EXERCISE INSTRUCTIONS: The required output is the lines below from the line containing "- car from (1279, 600) to (1432, 656)" to the line containing "- car from (888, 638) to (1466, 897)", inclusive, retyped exactly. No other lines belong in it.
--- DATA ---
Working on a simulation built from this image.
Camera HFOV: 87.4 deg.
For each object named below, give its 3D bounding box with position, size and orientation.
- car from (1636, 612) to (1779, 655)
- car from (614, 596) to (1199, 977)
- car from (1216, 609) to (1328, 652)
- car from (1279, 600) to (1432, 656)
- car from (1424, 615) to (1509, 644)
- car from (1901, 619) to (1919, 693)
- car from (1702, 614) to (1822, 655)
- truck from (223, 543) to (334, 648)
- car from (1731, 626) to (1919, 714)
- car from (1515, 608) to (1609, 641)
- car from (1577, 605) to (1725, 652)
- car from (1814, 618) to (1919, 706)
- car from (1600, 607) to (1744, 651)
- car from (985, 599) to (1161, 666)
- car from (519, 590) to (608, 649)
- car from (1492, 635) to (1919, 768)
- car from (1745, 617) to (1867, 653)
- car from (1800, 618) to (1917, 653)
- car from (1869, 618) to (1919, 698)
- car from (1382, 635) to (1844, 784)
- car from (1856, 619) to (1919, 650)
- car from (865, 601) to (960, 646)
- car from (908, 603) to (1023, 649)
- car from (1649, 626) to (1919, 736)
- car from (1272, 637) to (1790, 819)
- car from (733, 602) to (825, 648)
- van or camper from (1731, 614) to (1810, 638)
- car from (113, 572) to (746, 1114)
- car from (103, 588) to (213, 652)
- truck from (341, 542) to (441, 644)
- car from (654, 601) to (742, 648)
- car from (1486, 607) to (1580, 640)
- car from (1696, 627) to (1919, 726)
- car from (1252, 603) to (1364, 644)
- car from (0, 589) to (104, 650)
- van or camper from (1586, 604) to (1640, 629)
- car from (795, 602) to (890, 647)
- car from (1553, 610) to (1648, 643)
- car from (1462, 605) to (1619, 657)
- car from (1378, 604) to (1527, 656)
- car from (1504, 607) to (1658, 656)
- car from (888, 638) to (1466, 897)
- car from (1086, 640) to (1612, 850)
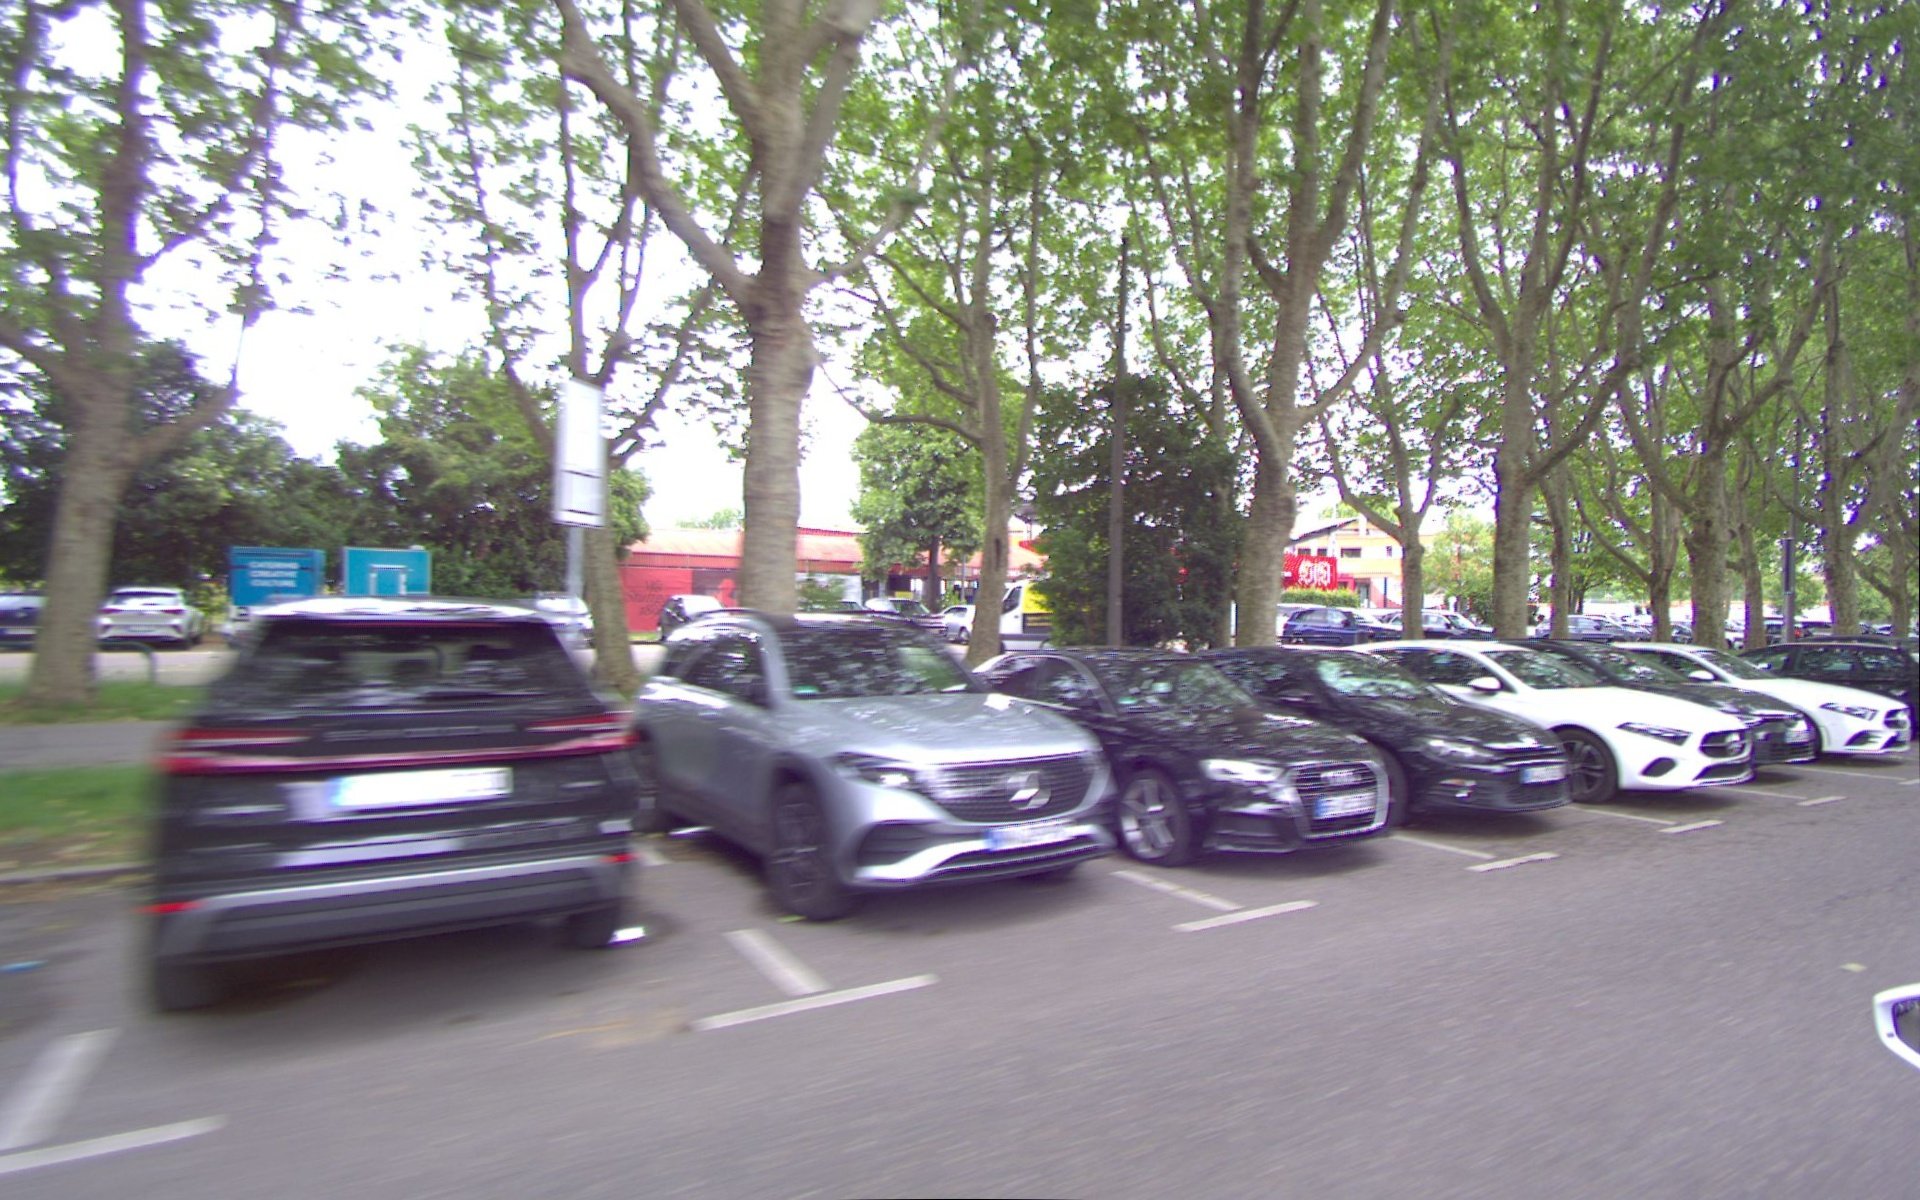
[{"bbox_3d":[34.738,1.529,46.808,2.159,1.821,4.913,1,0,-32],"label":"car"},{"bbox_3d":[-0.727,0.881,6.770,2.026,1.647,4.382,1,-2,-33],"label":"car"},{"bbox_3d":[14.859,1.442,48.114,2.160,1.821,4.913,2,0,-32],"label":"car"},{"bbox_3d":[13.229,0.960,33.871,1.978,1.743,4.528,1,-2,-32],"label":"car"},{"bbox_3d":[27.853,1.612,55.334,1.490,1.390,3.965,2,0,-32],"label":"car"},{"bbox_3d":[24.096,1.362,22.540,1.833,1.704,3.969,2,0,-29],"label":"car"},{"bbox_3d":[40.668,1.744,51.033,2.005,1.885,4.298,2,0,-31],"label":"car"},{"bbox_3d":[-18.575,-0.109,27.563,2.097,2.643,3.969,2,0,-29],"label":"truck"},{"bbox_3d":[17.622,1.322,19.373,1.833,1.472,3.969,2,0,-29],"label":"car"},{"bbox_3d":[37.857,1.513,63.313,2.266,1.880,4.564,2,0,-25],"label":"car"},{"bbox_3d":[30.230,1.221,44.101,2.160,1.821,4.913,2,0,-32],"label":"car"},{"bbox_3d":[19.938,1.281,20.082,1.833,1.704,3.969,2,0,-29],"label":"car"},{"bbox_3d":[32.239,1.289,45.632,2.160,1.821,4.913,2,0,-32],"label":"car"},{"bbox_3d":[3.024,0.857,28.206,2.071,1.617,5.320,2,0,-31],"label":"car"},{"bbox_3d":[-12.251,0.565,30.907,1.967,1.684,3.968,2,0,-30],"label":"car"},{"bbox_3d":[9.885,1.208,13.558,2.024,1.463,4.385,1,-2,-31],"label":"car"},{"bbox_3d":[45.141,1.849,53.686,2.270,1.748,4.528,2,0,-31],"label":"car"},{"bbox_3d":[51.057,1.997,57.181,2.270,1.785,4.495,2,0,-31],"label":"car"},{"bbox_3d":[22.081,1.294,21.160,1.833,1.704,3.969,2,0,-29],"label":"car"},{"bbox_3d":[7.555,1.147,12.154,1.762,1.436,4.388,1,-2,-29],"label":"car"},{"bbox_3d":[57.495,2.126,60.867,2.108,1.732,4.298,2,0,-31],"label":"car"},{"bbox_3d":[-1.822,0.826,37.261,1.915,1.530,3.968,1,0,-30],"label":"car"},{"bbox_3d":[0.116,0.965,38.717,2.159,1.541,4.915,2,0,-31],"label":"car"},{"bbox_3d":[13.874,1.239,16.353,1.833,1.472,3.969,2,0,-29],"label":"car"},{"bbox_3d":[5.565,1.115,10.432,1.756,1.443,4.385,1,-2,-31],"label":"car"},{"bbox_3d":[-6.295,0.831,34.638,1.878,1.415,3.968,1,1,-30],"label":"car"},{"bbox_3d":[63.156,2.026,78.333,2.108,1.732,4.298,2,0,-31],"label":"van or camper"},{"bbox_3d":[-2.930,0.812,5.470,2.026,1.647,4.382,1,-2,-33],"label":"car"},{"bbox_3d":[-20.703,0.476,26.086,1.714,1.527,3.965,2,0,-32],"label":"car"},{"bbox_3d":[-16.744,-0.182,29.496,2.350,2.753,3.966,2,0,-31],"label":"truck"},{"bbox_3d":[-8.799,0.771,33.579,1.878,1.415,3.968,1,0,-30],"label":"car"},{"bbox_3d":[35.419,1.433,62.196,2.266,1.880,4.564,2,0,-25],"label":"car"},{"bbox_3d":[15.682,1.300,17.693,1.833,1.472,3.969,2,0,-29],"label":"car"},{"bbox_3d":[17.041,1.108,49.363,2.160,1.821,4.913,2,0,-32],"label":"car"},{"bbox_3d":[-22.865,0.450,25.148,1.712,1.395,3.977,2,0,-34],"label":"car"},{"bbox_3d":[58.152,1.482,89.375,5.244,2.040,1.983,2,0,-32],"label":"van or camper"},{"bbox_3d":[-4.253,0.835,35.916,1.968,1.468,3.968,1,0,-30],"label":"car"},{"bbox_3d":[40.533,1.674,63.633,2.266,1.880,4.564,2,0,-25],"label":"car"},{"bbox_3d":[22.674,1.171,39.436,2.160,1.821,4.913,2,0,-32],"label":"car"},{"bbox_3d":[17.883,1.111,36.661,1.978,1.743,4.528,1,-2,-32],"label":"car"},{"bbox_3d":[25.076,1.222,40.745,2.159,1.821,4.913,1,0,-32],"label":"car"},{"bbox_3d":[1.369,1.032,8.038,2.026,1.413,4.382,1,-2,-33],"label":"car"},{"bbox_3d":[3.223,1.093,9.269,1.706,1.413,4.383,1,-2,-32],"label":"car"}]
---
--- DATA ---
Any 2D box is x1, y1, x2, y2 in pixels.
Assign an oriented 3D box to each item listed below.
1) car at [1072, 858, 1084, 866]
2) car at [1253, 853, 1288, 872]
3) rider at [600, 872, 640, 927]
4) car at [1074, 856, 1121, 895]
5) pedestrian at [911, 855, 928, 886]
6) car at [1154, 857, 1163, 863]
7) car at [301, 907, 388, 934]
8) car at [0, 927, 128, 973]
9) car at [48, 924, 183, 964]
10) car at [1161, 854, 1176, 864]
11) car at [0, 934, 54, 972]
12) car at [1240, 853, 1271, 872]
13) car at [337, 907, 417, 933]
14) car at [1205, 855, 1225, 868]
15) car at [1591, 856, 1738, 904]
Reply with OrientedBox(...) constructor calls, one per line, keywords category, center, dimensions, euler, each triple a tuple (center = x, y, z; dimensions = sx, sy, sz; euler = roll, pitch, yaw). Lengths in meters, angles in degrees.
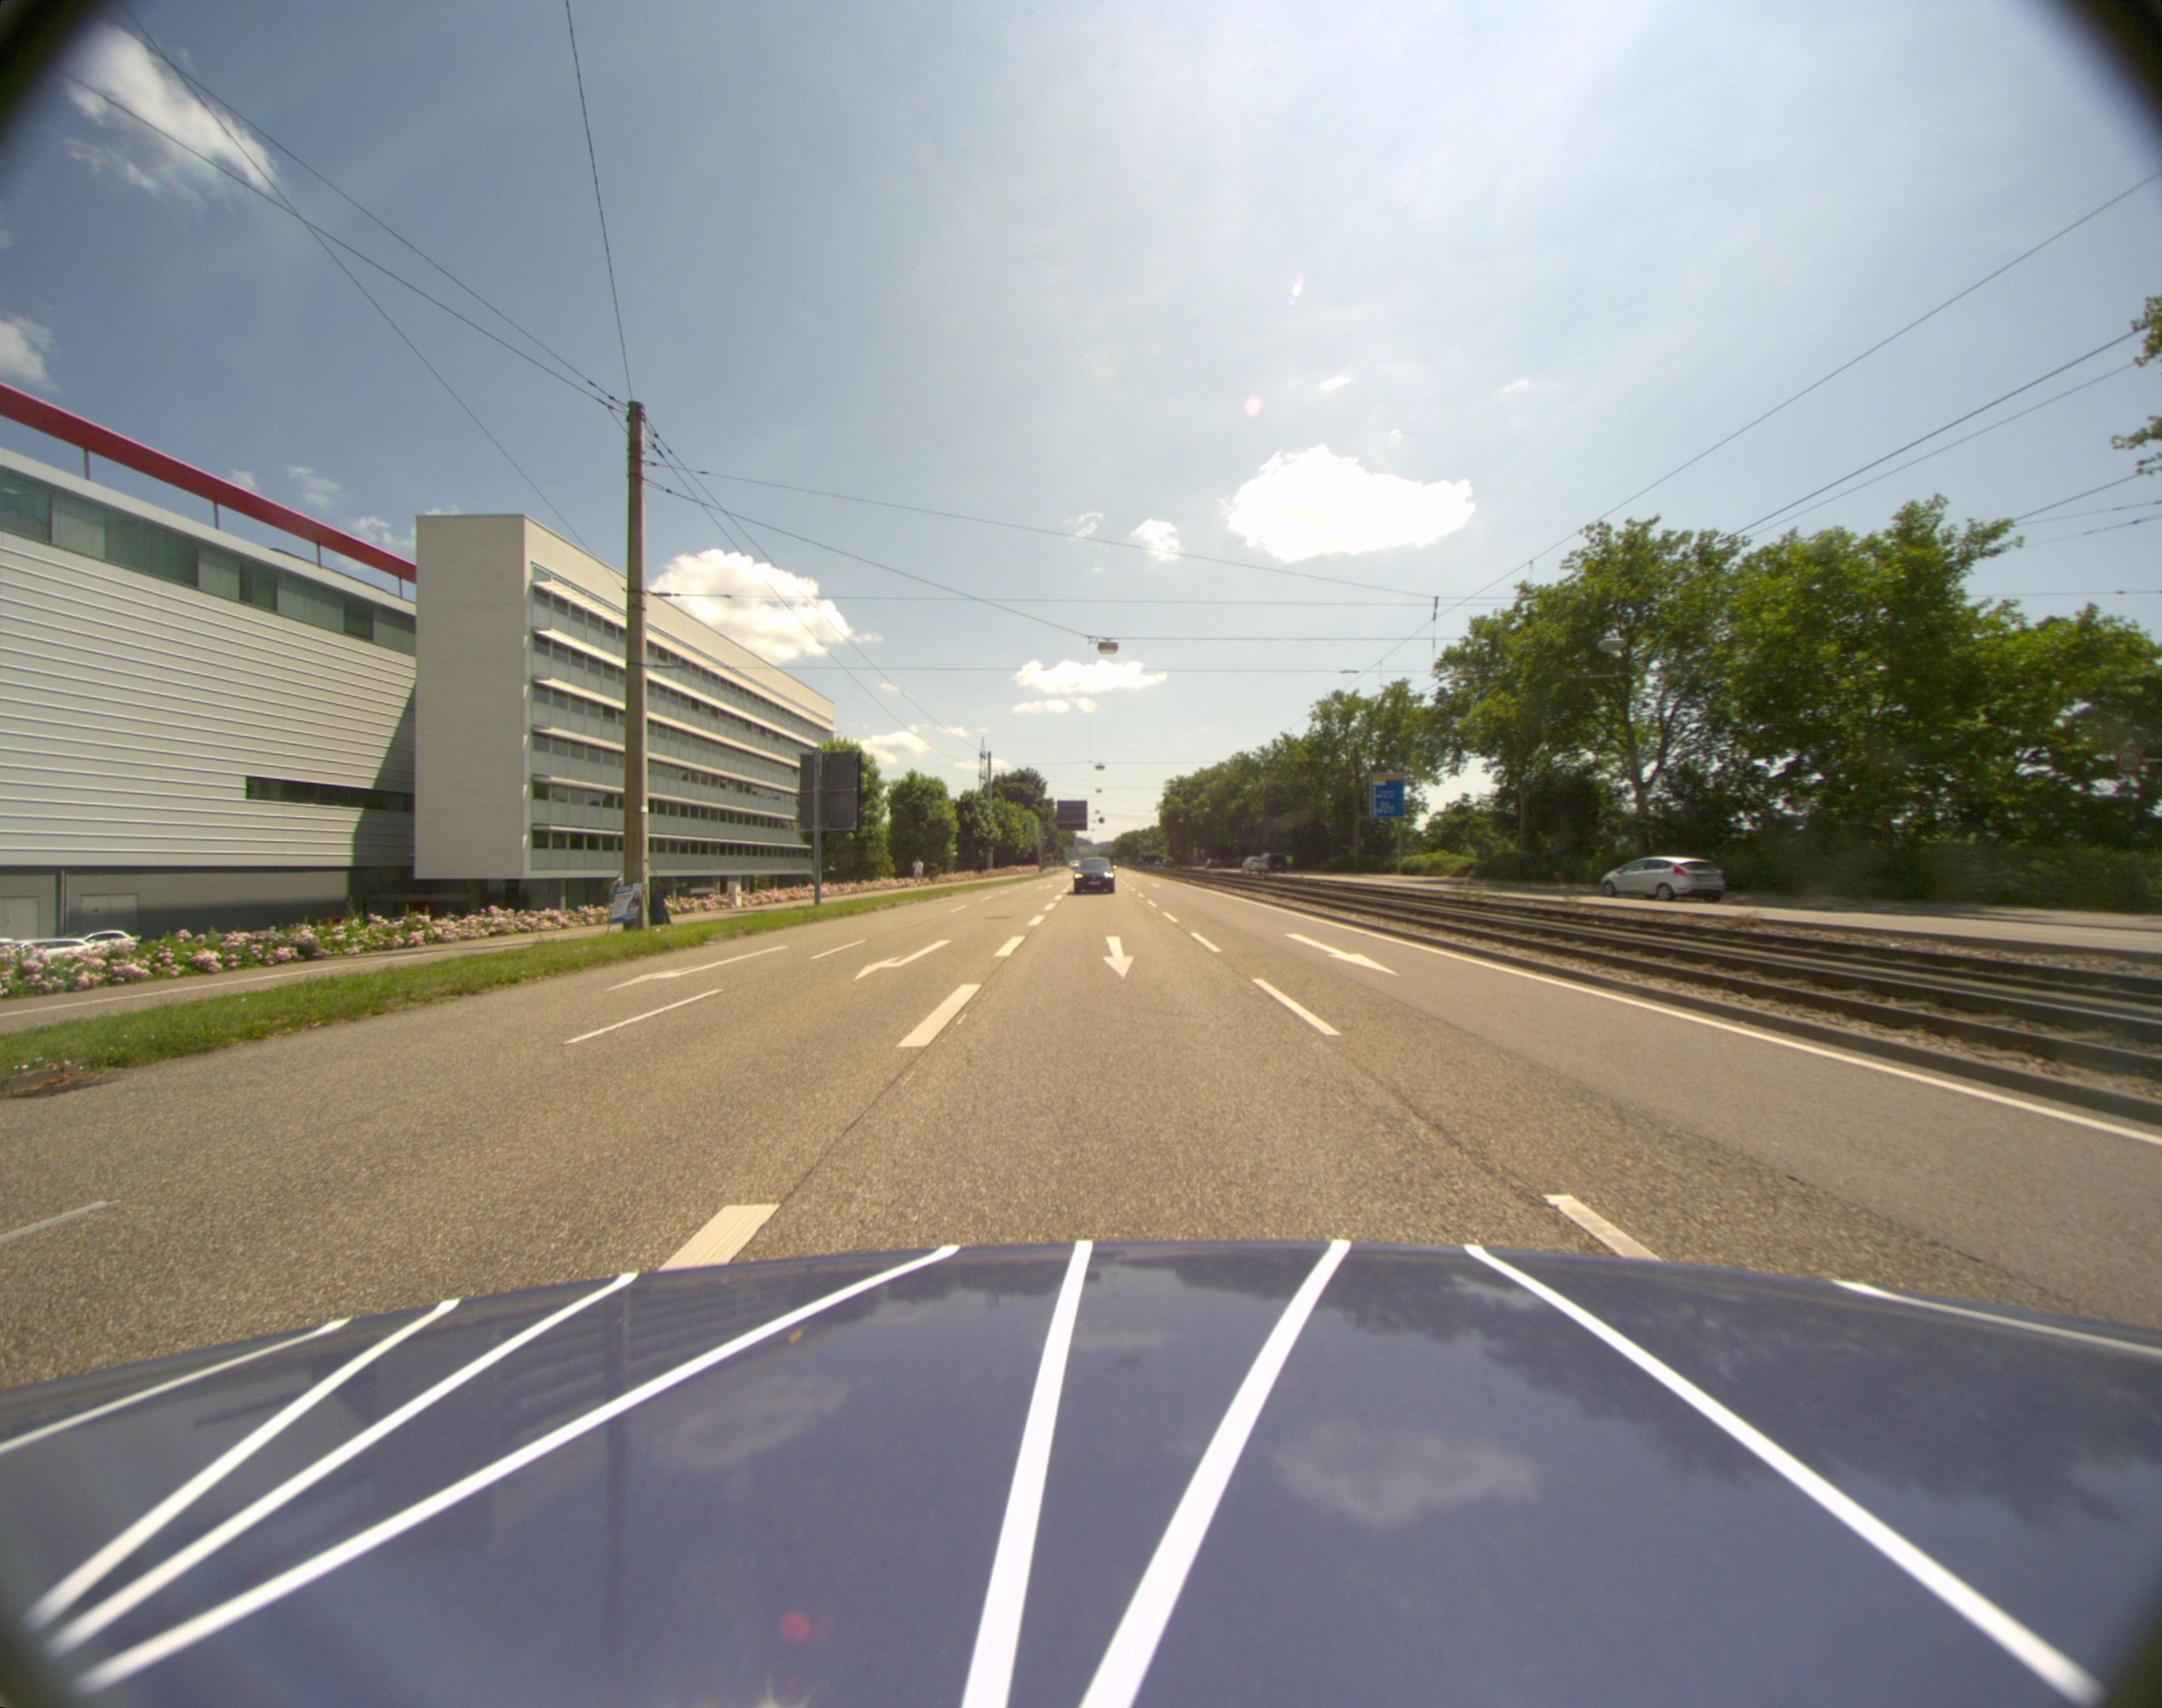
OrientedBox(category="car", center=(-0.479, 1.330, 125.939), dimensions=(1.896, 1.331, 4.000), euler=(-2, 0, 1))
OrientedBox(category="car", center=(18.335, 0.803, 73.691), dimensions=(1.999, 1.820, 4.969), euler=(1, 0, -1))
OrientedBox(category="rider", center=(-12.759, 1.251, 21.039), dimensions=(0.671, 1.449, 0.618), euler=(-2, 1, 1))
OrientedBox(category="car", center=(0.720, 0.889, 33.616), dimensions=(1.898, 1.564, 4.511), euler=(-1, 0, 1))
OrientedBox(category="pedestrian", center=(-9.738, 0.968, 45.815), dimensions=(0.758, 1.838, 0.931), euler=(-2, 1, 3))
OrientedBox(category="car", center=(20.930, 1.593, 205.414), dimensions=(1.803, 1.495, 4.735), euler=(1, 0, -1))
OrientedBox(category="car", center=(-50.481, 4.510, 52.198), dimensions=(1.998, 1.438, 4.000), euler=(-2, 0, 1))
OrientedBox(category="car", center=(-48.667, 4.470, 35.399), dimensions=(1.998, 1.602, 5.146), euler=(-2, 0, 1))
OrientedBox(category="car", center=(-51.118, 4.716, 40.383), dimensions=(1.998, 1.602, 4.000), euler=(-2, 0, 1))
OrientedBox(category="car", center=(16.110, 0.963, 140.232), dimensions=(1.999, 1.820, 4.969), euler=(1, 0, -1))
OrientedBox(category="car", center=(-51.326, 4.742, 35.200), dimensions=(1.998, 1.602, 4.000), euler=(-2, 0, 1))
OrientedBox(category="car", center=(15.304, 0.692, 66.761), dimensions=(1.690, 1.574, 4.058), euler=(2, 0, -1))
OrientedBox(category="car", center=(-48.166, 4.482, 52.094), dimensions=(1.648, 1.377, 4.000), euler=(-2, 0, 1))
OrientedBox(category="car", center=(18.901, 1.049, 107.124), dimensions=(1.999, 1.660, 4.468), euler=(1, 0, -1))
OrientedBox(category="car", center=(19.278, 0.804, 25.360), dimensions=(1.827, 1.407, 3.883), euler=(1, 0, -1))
---
EXERCISE RESULT:
- car from (1279, 600) to (1432, 656)
- car from (1424, 615) to (1509, 644)
- car from (1901, 619) to (1919, 693)
- car from (1702, 614) to (1822, 655)
- truck from (223, 543) to (334, 648)
- car from (1731, 626) to (1919, 714)
- car from (1515, 608) to (1609, 641)
- car from (1577, 605) to (1725, 652)
- car from (1814, 618) to (1919, 706)
- car from (1600, 607) to (1744, 651)
- car from (985, 599) to (1161, 666)
- car from (519, 590) to (608, 649)
- car from (1492, 635) to (1919, 768)
- car from (1745, 617) to (1867, 653)
- car from (1800, 618) to (1917, 653)
- car from (1869, 618) to (1919, 698)
- car from (1382, 635) to (1844, 784)
- car from (1856, 619) to (1919, 650)
- car from (865, 601) to (960, 646)
- car from (908, 603) to (1023, 649)
- car from (1649, 626) to (1919, 736)
- car from (1272, 637) to (1790, 819)
- car from (733, 602) to (825, 648)
- van or camper from (1731, 614) to (1810, 638)
- car from (113, 572) to (746, 1114)
- car from (103, 588) to (213, 652)
- truck from (341, 542) to (441, 644)
- car from (654, 601) to (742, 648)
- car from (1486, 607) to (1580, 640)
- car from (1696, 627) to (1919, 726)
- car from (1252, 603) to (1364, 644)
- car from (0, 589) to (104, 650)
- van or camper from (1586, 604) to (1640, 629)
- car from (795, 602) to (890, 647)
- car from (1553, 610) to (1648, 643)
- car from (1462, 605) to (1619, 657)
- car from (1378, 604) to (1527, 656)
- car from (1504, 607) to (1658, 656)
- car from (888, 638) to (1466, 897)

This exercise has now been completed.